- **Task to carry out**: If a line in the records below contains the word "Pedal", return that line.

- **Data for processing**:
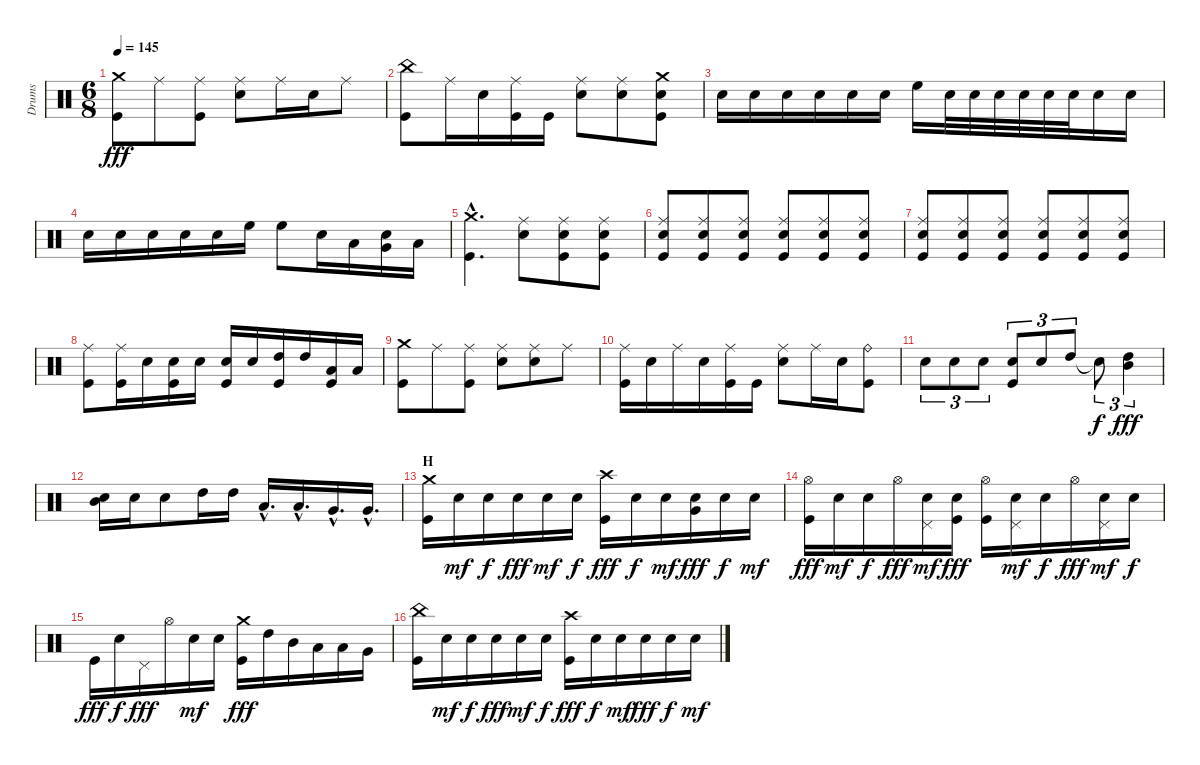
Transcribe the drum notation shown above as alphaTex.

\track ("Drums" "Drums") {instrument percussion}
\staff {score}
\articulation defaults
\ts (6 8)
\tempo 145
\clef neutral
\ks c
("Crash medium (hit)" "Kick (hit)").8{dy fff} "Ride (middle)".8 ("Ride (middle)" "Kick (hit)").8 ("Ride (middle)" "Snare (hit) 2").8 "Ride (middle)".16 "Snare (hit) 2".16 "Ride (middle)".8 |
("China (hit)" "Kick (hit)").8 "Ride (middle)".16 "Snare (hit) 2".16 ("Ride (middle)" "Kick (hit)").16 "Kick (hit)".16 ("Ride (middle)" "Snare (hit) 2").8 ("Ride (middle)" "Snare (hit) 2").8 ("Crash medium (hit)" "Snare (hit) 2" "Kick (hit)").8 |
"Snare (hit) 2".16 "Snare (hit) 2".16 "Snare (hit) 2".16 "Snare (hit) 2".16 "Snare (hit) 2".16 "Snare (hit) 2".16 "High Floor Tom (hit)".16 "Snare (hit) 2".32 "Snare (hit) 2".32 "Snare (hit) 2".32 "Snare (hit) 2".32 "Snare (hit) 2".32 "Snare (hit) 2".32 "Snare (hit) 2".16 "Snare (hit) 2".16 |
"Snare (hit) 2".16 "Snare (hit) 2".16 "Snare (hit) 2".16 "Snare (hit) 2".16 "Snare (hit) 2".16 "High Floor Tom (hit)".16 "High Floor Tom (hit)".8 "Snare (hit) 2".16 "Low Tom (hit)".16 ("Very Low Tom (hit)" "Snare (hit) 2").16 "Low Floor Tom (hit)".16 |
("Crash medium (hit)"{hac} "Kick (hit)"{hac}).4{d} ("Ride (middle)" "Snare (hit) 2").8 ("Ride (middle)" "Snare (hit) 2" "Kick (hit)").8 ("Ride (middle)" "Snare (hit) 2" "Kick (hit)").8 |
("Ride (middle)" "Snare (hit) 2" "Kick (hit)").8 ("Ride (middle)" "Snare (hit) 2" "Kick (hit)").8 ("Ride (middle)" "Snare (hit) 2" "Kick (hit)").8 ("Ride (middle)" "Snare (hit) 2" "Kick (hit)").8 ("Ride (middle)" "Snare (hit) 2" "Kick (hit)").8 ("Ride (middle)" "Snare (hit) 2" "Kick (hit)").8 |
("Ride (middle)" "Snare (hit) 2" "Kick (hit)").8 ("Ride (middle)" "Snare (hit) 2" "Kick (hit)").8 ("Ride (middle)" "Snare (hit) 2" "Kick (hit)").8 ("Ride (middle)" "Snare (hit) 2" "Kick (hit)").8 ("Ride (middle)" "Snare (hit) 2" "Kick (hit)").8 ("Ride (middle)" "Snare (hit) 2" "Kick (hit)").8 |
("Ride (middle)" "Kick (hit)").8 ("Ride (middle)" "Kick (hit)").16 "Snare (hit) 2".16 ("Snare (hit) 2" "Kick (hit)").16 "Snare (hit) 2".16 ("Snare (hit) 2" "Kick (hit)").16 "Snare (hit) 2".16 ("High Tom (hit)" "Kick (hit)").16 "High Tom (hit)".16 ("Low Tom (hit)" "Kick (hit)").16 "Low Tom (hit)".16 |
("Crash medium (hit)" "Kick (hit)").8 "Ride (middle)".8 ("Ride (middle)" "Kick (hit)").8 ("Ride (middle)" "Snare (hit) 2").8 ("Ride (middle)" "Snare (hit) 2").8 "Ride (middle)".8 |
("Ride (middle)" "Kick (hit)").16 "Snare (hit) 2".16 "Ride (middle)".16 "Snare (hit) 2".16 ("Ride (middle)" "Kick (hit)").16 "Kick (hit)".16 ("Ride (middle)" "Snare (hit) 2").8 "Ride (middle)".16 "Snare (hit) 2".16 ("Ride (bell)" "Kick (hit)").8 |
"Snare (hit) 2".8{tu (3 2)} "Snare (hit) 2".8{tu (3 2)} "Snare (hit) 2".8{tu (3 2)} ("Snare (hit) 2" "Kick (hit)").8{tu (3 2)} "Snare (hit) 2".8{tu (3 2)} "High Tom (hit)".8{tu (3 2)} "Snare (hit)"{t}.8{tu (3 2) dy f} ("High Tom (hit)" "Mid Tom (hit)").4{tu (3 2) dy fff} |
("Mid Tom (hit)" "Snare (hit) 2").16 "Snare (hit) 2".16 "Snare (hit) 2".8 "High Tom (hit)".16 "High Tom (hit)".16 "Low Tom (hit)"{hac}.16{d} "Low Tom (hit)"{hac}.16{d} "Very Low Tom (hit)"{hac}.16{d} "Very Low Tom (hit)"{hac}.16{d} |
\section ("" "H")
("Crash medium (hit)" "Kick (hit)").16 "Snare (hit) 2".16{dy mf} "Snare (hit) 2".16{dy f} "Snare (hit) 2".16{dy fff} "Snare (hit) 2".16{dy mf} "Snare (hit) 2".16{dy f} ("Crash high (hit)" "Kick (hit)").16{dy fff} "Snare (hit) 2".16{dy f} "Snare (hit) 2".16{dy mf} ("Very Low Tom (hit)" "Snare (hit) 2").16{dy fff} "Snare (hit) 2".16{dy f} "Snare (hit) 2".16{dy mf} |
("Hi-Hat (open)" "Kick (hit)").16{dy fff} "Snare (hit) 2".16{dy mf} "Snare (hit) 2".16{dy f} "Hi-Hat (open)".16{dy fff} ("Pedal Hi-Hat (hit)" "Snare (hit) 2").16{dy mf} ("Snare (hit) 2" "Kick (hit)").16{dy fff} ("Hi-Hat (open)" "Kick (hit)").16 ("Pedal Hi-Hat (hit)" "Snare (hit) 2").16{dy mf} "Snare (hit) 2".16{dy f} "Hi-Hat (open)".16{dy fff} ("Pedal Hi-Hat (hit)" "Snare (hit) 2").16{dy mf} "Snare (hit) 2".16{dy f} |
"Kick (hit)".16{dy fff} "Snare (hit) 2".16{dy f} "Pedal Hi-Hat (hit)".16{dy fff} "Hi-Hat (open)".16 "Snare (hit) 2".16{dy mf} "Snare (hit) 2".16 ("Crash medium (hit)" "Kick (hit)").16{dy fff} "High Tom (hit)".16 "Mid Tom (hit)".16 "Low Tom (hit)".16 "Low Tom (hit)".16 "Very Low Tom (hit)".16 |
("China (hit)" "Kick (hit)").16 "Snare (hit) 2".16{dy mf} "Snare (hit) 2".16{dy f} "Snare (hit) 2".16{dy fff} "Snare (hit) 2".16{dy mf} "Snare (hit) 2".16{dy f} ("Crash high (hit)" "Kick (hit)").16{dy fff} "Snare (hit) 2".16{dy f} "Snare (hit) 2".16{dy mf} "Snare (hit) 2".16{dy fff} "Snare (hit) 2".16{dy f} "Snare (hit) 2".16{dy mf}

- **Finished task**:
("Hi-Hat (open)" "Kick (hit)").16{dy fff} "Snare (hit) 2".16{dy mf} "Snare (hit) 2".16{dy f} "Hi-Hat (open)".16{dy fff} ("Pedal Hi-Hat (hit)" "Snare (hit) 2").16{dy mf} ("Snare (hit) 2" "Kick (hit)").16{dy fff} ("Hi-Hat (open)" "Kick (hit)").16 ("Pedal Hi-Hat (hit)" "Snare (hit) 2").16{dy mf} "Snare (hit) 2".16{dy f} "Hi-Hat (open)".16{dy fff} ("Pedal Hi-Hat (hit)" "Snare (hit) 2").16{dy mf} "Snare (hit) 2".16{dy f} |
"Kick (hit)".16{dy fff} "Snare (hit) 2".16{dy f} "Pedal Hi-Hat (hit)".16{dy fff} "Hi-Hat (open)".16 "Snare (hit) 2".16{dy mf} "Snare (hit) 2".16 ("Crash medium (hit)" "Kick (hit)").16{dy fff} "High Tom (hit)".16 "Mid Tom (hit)".16 "Low Tom (hit)".16 "Low Tom (hit)".16 "Very Low Tom (hit)".16 |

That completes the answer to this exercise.